# ShoWerks Bangor



## Paddy_R (Jan 10, 2007)

Been asked by the Ford group to bring the ST along again was wondering if anybody else was going. It's on Easter Monday 9th April at the McKee clock Arena on the Bangor sea front.


----------



## Stewerty (Jan 11, 2010)

I will be going. Might try and get down with Matt-TSI in the Cupra R.


----------



## Paddy_R (Jan 10, 2007)

Be sure to come over and say hello. I'd say I'll be the only ST at the show so shouldn't be to hard to spot.


----------



## ace275 (Jul 22, 2010)

Ill be there in the red UK DC2 if i get it reinsured in time


----------



## DD1 (Apr 25, 2011)

Will be there myself, red celica GT :thumb:


----------



## david.celica (Sep 21, 2009)

It's great to Yous attending.

My head is melted now and we are just sitting back hoping for the weather to change 

Sho'Werks EDITION compitition -

http://www.showerks.com/site/2012/03/20/showerks-edition-competition/

Promo Vid -

http://www.showerks.com/site/2012/02/13/showerks-live-teaser/

See you all on Monday

David @ Sho'Werks


----------



## DD1 (Apr 25, 2011)

Some hot babes at Sho Werks :lol:


----------



## david.celica (Sep 21, 2009)

LMAO  She is mint she is haaa

Tho there will be some proper belters about come monday belive you me


----------



## Paddy_R (Jan 10, 2007)

david.celica said:


> we are just sitting back hoping for the weather to change .
> 
> See you all on Monday
> 
> David @ Sho'Werks


Me too though a repeat of last years weather may be a bit much to ask! A dry day would be nice.


----------



## david.celica (Sep 21, 2009)

yea just to be dry would be good, it hasnt rained in bangor all day today and just a very light skiff yesterday and it was ment to last both.

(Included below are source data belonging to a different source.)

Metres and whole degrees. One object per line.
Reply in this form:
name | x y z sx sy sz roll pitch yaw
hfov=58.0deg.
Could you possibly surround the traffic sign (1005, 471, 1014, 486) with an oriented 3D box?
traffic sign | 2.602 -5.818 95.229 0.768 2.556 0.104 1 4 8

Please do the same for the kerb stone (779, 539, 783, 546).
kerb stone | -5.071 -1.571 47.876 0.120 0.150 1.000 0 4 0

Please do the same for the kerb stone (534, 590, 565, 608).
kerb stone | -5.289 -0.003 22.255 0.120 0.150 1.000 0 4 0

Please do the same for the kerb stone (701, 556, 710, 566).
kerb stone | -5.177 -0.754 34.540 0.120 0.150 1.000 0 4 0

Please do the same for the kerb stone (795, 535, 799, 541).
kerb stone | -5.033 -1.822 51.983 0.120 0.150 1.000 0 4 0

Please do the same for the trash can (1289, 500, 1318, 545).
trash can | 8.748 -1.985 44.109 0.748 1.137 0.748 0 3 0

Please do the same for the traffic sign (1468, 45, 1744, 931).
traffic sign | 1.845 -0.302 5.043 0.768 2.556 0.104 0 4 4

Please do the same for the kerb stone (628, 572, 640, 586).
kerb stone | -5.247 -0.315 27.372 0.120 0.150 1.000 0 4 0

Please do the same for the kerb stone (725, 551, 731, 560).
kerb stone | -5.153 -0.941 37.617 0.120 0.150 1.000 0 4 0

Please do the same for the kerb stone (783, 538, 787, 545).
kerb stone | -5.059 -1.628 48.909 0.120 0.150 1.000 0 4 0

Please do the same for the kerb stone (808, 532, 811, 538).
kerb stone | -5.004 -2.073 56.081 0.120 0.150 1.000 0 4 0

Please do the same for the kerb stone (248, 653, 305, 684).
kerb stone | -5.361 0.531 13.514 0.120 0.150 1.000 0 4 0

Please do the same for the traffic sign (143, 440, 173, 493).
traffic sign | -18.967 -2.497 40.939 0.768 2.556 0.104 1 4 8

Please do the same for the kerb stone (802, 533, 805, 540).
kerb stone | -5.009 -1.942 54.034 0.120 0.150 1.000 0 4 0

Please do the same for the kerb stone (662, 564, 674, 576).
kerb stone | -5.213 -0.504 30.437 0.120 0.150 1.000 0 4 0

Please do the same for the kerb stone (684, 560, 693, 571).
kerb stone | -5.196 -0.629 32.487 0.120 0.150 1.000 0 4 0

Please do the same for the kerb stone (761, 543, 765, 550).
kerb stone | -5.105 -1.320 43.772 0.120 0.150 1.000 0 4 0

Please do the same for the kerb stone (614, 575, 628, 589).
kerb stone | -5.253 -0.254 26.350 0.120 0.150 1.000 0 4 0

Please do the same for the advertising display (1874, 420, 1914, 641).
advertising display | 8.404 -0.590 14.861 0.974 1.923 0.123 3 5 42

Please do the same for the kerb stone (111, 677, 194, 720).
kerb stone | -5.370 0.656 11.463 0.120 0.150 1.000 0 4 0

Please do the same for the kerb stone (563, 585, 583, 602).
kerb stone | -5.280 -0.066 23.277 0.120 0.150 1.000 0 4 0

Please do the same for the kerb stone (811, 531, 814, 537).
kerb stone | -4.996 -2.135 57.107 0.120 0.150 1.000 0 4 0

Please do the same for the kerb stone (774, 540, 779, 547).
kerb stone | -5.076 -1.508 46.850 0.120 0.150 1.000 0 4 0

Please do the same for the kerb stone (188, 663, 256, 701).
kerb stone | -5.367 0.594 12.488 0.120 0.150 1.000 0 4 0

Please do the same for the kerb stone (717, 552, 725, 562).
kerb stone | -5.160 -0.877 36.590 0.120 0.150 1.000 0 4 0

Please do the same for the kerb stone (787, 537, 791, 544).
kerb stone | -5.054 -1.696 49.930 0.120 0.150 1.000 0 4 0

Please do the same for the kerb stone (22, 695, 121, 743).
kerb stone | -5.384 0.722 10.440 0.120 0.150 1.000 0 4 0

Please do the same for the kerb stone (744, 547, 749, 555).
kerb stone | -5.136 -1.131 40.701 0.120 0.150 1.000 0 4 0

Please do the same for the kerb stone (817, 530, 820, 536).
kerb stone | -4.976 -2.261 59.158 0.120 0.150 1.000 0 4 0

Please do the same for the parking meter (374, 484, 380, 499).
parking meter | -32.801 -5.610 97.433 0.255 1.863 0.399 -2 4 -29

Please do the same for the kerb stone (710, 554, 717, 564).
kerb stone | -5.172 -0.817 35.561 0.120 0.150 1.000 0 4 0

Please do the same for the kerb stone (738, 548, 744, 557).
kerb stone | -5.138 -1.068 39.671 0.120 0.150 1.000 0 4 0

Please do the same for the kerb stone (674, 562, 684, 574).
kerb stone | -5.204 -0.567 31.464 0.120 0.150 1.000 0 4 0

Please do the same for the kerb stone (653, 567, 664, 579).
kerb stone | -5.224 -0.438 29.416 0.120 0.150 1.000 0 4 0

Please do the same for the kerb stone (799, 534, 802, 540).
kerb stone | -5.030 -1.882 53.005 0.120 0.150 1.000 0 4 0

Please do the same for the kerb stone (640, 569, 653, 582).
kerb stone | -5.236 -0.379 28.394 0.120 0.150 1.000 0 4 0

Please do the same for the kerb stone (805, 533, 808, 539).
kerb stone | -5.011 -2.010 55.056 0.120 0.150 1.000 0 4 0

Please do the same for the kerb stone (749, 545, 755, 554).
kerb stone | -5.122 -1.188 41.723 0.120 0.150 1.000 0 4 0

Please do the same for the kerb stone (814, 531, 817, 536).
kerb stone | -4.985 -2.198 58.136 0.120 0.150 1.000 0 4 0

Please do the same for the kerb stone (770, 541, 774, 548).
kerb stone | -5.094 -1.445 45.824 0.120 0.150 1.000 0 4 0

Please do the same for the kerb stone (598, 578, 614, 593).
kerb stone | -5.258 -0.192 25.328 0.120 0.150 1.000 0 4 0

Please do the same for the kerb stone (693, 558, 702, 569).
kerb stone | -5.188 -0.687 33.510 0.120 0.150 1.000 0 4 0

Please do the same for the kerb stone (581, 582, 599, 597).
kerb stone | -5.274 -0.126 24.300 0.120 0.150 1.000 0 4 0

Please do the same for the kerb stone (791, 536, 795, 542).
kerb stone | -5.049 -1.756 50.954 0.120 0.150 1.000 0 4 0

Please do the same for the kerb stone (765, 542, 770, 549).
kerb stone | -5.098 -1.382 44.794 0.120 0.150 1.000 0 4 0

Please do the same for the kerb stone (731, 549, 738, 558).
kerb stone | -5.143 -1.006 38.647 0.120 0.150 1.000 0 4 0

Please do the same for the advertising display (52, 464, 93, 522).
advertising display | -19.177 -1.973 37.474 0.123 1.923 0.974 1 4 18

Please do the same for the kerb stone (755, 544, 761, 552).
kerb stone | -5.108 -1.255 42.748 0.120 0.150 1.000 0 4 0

either way the show must go on (for those that turn up) haaa


----------



## Paddy_R (Jan 10, 2007)

I'll be there rain or shine (booked the day off work so might as well, that and it all for a good cause). Might even try to dig out my t-shirt I got last year


----------



## Jordy Kuga (Apr 6, 2012)

Dont know many people here yet but ill be going 

edit : i see meguiars have a stall there, if dodo are sponsoring it, think they will?


----------



## Paddy_R (Jan 10, 2007)

Stewerty and Jordy it was good to meet you today. Hope you both enjoyed the show, I know I did.


----------



## Jordy Kuga (Apr 6, 2012)

Paddy_R said:


> Stewerty and Jordy it was good to meet you today. Hope you both enjoyed the show, I know I did.


I really enjoyed the show myself! Nearly as much as seeing your beautiful ST 

Even got drawn into buying a megs bucket with grit guard haha

Was a great day, hopefully ill see you again soon!


----------



## david.celica (Sep 21, 2009)

Jordy Kuga said:


> Dont know many people here yet but ill be going
> 
> edit : i see meguiars have a stall there, if dodo are sponsoring it, think they will?


Sadly Pj and Dom couldnt make it this year as they are extreamly busy but just watch this space for 2013


----------



## Stewerty (Jan 11, 2010)

Paddy_R said:


> Stewerty and Jordy it was good to meet you today. Hope you both enjoyed the show, I know I did.


Cheers, was a really good day. Must get my finger out and get my Audi up to show standard.


----------